What you need to do: Search the records for the string "bodemenergieplan", and show each line where it appears.

Extracted data:
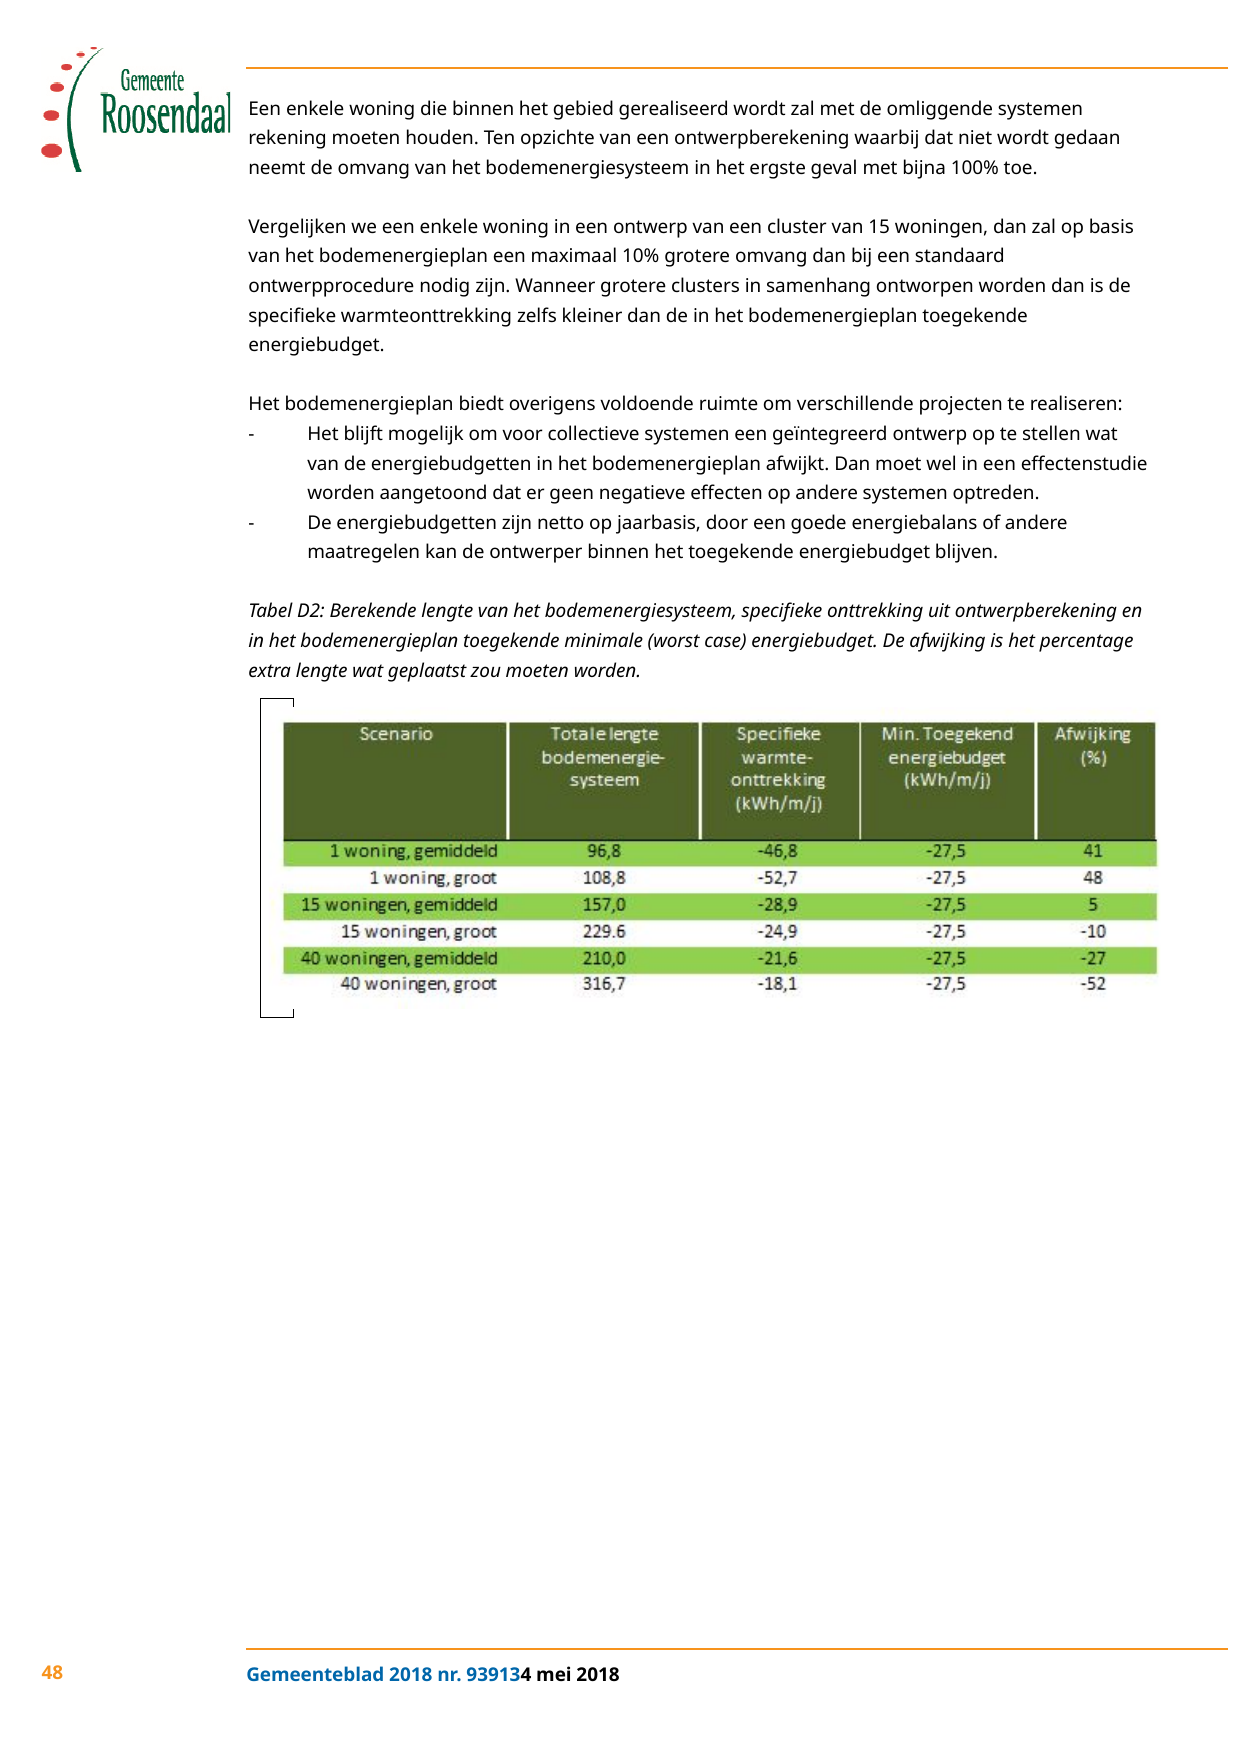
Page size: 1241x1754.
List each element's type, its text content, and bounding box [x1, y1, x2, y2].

picture [268, 707, 1173, 1009]
picture [41, 47, 231, 172]
text Tabel D2: Berekende lengte van het bodemenergiesysteem, specifieke onttrekking uit ontwerpberekening en in het bodemenergieplan toegekende minimale (worst case) energiebudget. De afwijking is het percentage extra lengte wat geplaatst zou moeten worden. [248, 598, 1152, 683]
text Het bodemenergieplan biedt overigens voldoende ruimte om verschillende projecten te realiseren: [248, 391, 1152, 416]
text Vergelijken we een enkele woning in een ontwerp van een cluster van 15 woningen, dan zal op basis van het bodemenergieplan een maximaal 10% grotere omvang dan bij een standaard ontwerpprocedure nodig zijn. Wanneer grotere clusters in samenhang ontworpen worden dan is de specifieke warmteonttrekking zelfs kleiner dan de in het bodemenergieplan toegekende energiebudget. [248, 213, 1152, 357]
list De energiebudgetten zijn netto op jaarbasis, door een goede energiebalans of andere maatregelen kan de ontwerper binnen het toegekende energiebudget blijven. [248, 509, 1152, 564]
list Het blijft mogelijk om voor collectieve systemen een geïntegreerd ontwerp op te stellen wat van de energiebudgetten in het bodemenergieplan afwijkt. Dan moet wel in een effectenstudie worden aangetoond dat er geen negatieve effecten op andere systemen optreden. [248, 420, 1152, 505]
text Een enkele woning die binnen het gebied gerealiseerd wordt zal met de omliggende systemen rekening moeten houden. Ten opzichte van een ontwerpberekening waarbij dat niet wordt gedaan neemt de omvang van het bodemenergiesysteem in het ergste geval met bijna 100% toe. [248, 95, 1152, 180]
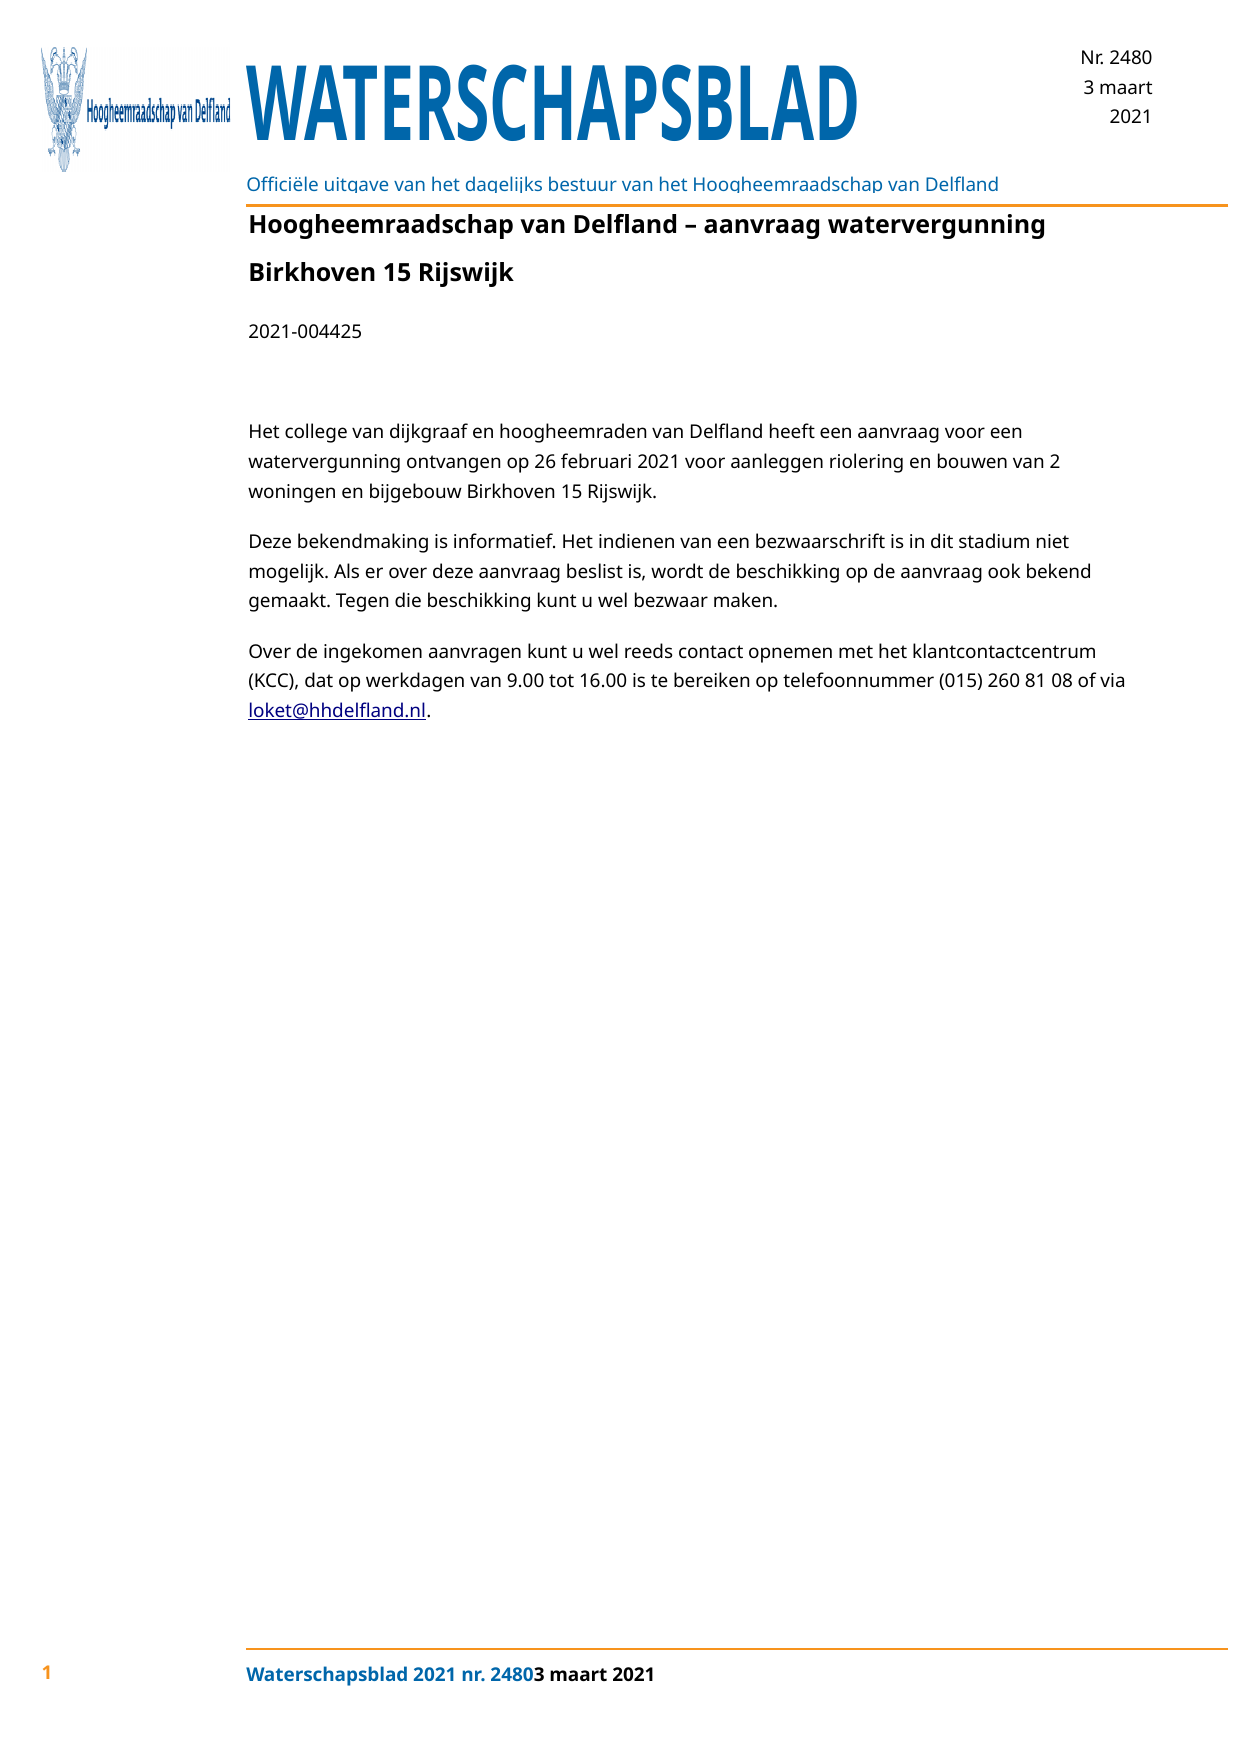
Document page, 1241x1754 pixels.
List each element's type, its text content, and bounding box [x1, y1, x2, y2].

text Deze bekendmaking is informatief. Het indienen van een bezwaarschrift is in dit stadium niet mogelijk. Als er over deze aanvraag beslist is, wordt de beschikking op de aanvraag ook bekend gemaakt. Tegen die beschikking kunt u wel bezwaar maken. [248, 528, 1152, 613]
text Het college van dijkgraaf en hoogheemraden van Delfland heeft een aanvraag voor een watervergunning ontvangen op 26 februari 2021 voor aanleggen riolering en bouwen van 2 woningen en bijgebouw Birkhoven 15 Rijswijk. [248, 419, 1152, 504]
text Over de ingekomen aanvragen kunt u wel reeds contact opnemen met het klantcontactcentrum (KCC), dat op werkdagen van 9.00 tot 16.00 is te bereiken op telefoonnummer (015) 260 81 08 of via loket@hhdelfland.nl. [248, 638, 1152, 723]
text 2021-004425 [248, 318, 1152, 344]
text Hoogheemraadschap van Delfland – aanvraag watervergunning Birkhoven 15 Rijswijk [248, 207, 1152, 288]
picture [41, 47, 231, 172]

Answer to the exercise:
text Tabel D2: Berekende lengte van het bodemenergiesysteem, specifieke onttrekking uit ontwerpberekening en in het bodemenergieplan toegekende minimale (worst case) energiebudget. De afwijking is het percentage extra lengte wat geplaatst zou moeten worden. [248, 598, 1152, 683]
text Het bodemenergieplan biedt overigens voldoende ruimte om verschillende projecten te realiseren: [248, 391, 1152, 416]
text Vergelijken we een enkele woning in een ontwerp van een cluster van 15 woningen, dan zal op basis van het bodemenergieplan een maximaal 10% grotere omvang dan bij een standaard ontwerpprocedure nodig zijn. Wanneer grotere clusters in samenhang ontworpen worden dan is de specifieke warmteonttrekking zelfs kleiner dan de in het bodemenergieplan toegekende energiebudget. [248, 213, 1152, 357]
list Het blijft mogelijk om voor collectieve systemen een geïntegreerd ontwerp op te stellen wat van de energiebudgetten in het bodemenergieplan afwijkt. Dan moet wel in een effectenstudie worden aangetoond dat er geen negatieve effecten op andere systemen optreden. [248, 420, 1152, 505]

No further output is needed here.